The 2022 Leaf is a split model year from a regulatory standpoint. Smyrna production through May 23, 2022 is covered by NHTSA 25V-655 fire risk recall scope; production after that date is not in scope for either the 24V-700 or 25V-655 campaigns. This makes 2022 a build-date-sensitive year for used-market buyers: two 2022 Leafs can have materially different regulatory profiles depending on whether they were built in early or late 2022. The underlying vehicle is unchanged — same ZE1 chassis, same 40 kWh and 62 kWh battery options, same AESC NMC 523 chemistry, same passive air cooling.

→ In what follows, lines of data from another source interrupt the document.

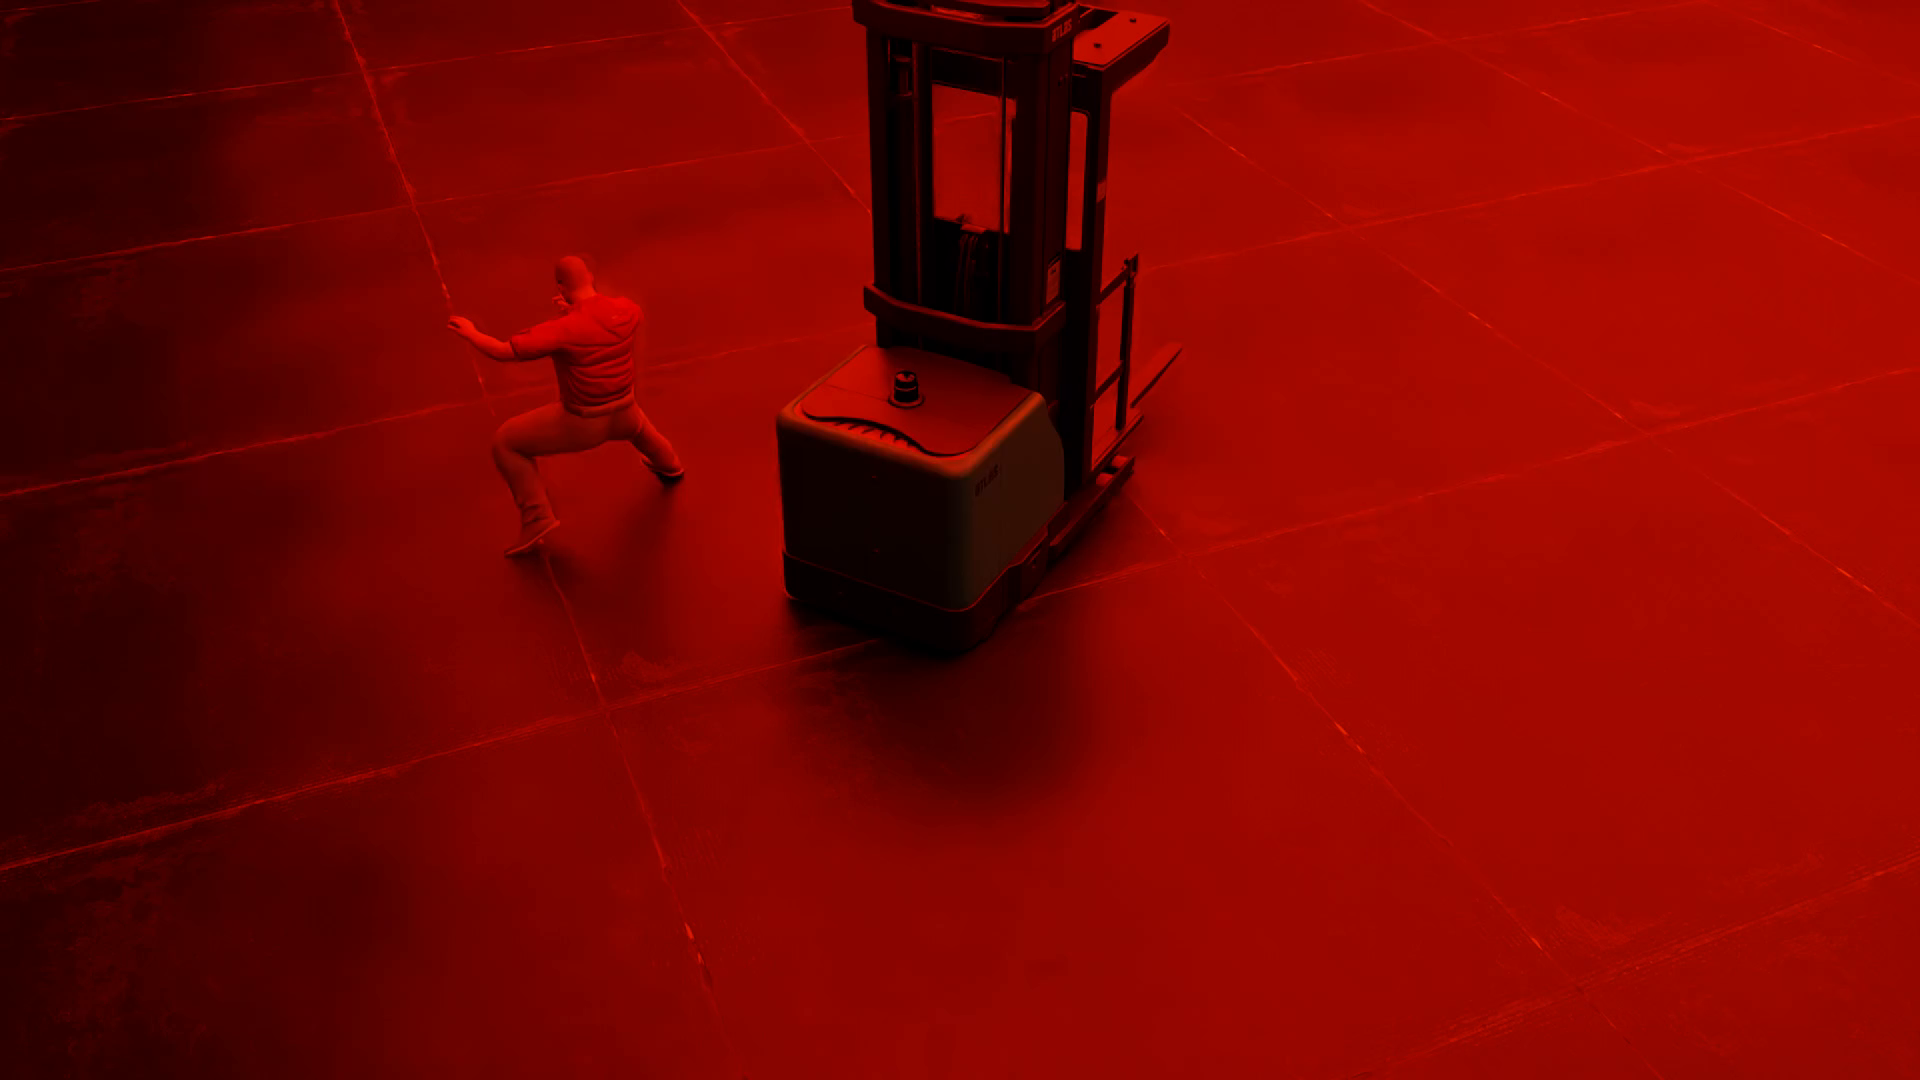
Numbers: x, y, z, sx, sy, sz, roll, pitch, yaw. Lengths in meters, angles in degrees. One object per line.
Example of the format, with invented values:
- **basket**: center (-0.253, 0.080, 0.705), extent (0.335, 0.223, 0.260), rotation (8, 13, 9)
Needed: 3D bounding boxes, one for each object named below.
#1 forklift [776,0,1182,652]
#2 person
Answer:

For regulatory exposure, the 2022 cruise control unintended acceleration recall (23V-494 / R23A6) applies to all 2022 US production. The fire risk recall scope depends on the specific VIN's build date, which can be verified through Nissan's VIN lookup or NHTSA.gov. Post-May-23-2022 production vehicles do not carry the fire risk recall, representing the first Leaf production batch since 2019 without that exposure. No additional major 2022-specific campaigns have entered the record.

Editor's take

2022 is the year Gen 2 finally escaped the fire recall envelope, partway through the model year. The line between concerned and unconcerned 2022 Leafs runs through a specific date in May; vehicles built after it carry substantially less regulatory overhang than anything produced since 2019. For used-market buyers willing to do the VIN-level verification work, a post-May-23-2022 Leaf is among the strongest Gen 2 purchases available today — the 40 kWh and 62 kWh packs have matured without incident, the cruise control recall is easily remedied at a dealer visit, and the vehicle's price point typically reflects the older regulatory perception rather than the post-cutoff reality. It is, in effect, the cleanest Gen 2 production Nissan made for the money.

Buy, lease, or walk away

Our take

Buy used — strong value

The 2022 Leaf is our preferred pre-2024 Gen 2 pick for used-market buyers who verify build date. Required verifications: NHTSA 25V-655 fire risk recall VIN-level status (recall scope ends at Smyrna build date May 23, 2022 — vehicles built after this date are not in scope); NHTSA 23V-494 cruise control software update completion (applies to all 2022 Leaf regardless of build date); full service history; battery state-of-health scan.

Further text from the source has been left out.